With big-spending clients such as P&G and COI decoupling, is there ever an argument for taking production away from your agency?

It was less than half-a-century ago that an account executive on Harveys Bristol Cream was famously told to return to the client's office with a clear message from the agency's creative director: "We do the ads, and they make the sherry."

It was symptomatic of a different era, one where agencies held the buying and creative power. Today, the rise of procurement departments has led to a new climate of accountability, fostering competition that is forcing agencies to cut their margins, become more financially transparent and change their working processes.

Nowhere is this more evident than in decoupling, when a company outsources parts of the advertising process rather than allowing the agency to handle the supply chain on its own.

It has become so popular that the IPA recently warned that unless agencies can better justify why they should keep production services in-house, they risk losing them altogether.

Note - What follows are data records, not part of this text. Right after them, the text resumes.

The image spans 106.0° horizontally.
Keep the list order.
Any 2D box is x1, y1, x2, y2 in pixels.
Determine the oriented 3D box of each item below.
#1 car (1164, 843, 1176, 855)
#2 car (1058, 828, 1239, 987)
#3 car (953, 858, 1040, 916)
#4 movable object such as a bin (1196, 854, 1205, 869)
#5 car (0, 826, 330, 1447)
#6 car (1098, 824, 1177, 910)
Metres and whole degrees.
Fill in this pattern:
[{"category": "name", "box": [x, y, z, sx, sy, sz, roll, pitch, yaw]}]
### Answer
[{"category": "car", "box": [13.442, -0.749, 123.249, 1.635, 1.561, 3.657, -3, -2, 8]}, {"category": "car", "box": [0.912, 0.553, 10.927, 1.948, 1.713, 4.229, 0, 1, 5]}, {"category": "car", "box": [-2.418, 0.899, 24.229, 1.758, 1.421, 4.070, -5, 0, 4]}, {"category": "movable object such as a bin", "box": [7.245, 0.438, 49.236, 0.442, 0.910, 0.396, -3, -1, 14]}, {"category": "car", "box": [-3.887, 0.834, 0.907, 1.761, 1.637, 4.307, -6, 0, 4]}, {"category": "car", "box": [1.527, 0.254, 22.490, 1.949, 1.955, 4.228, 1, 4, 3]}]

Many see this as belated recognition of a lingering distrust between clients and agencies. "Historically, agencies had relationships with third-party suppliers in which considerable sums of money were spent with discounts and volume rebates that rarely ever found their way back to the client," the chief executive of one agency says. "I think that some clients suspected this was going on, but let it go because they knew they were putting pressure on fees and this was a fair retort."

But such generosity won't be seen now. In a new climate where marketing directors are under increasing pressure, clients are reasserting their power in the relationship.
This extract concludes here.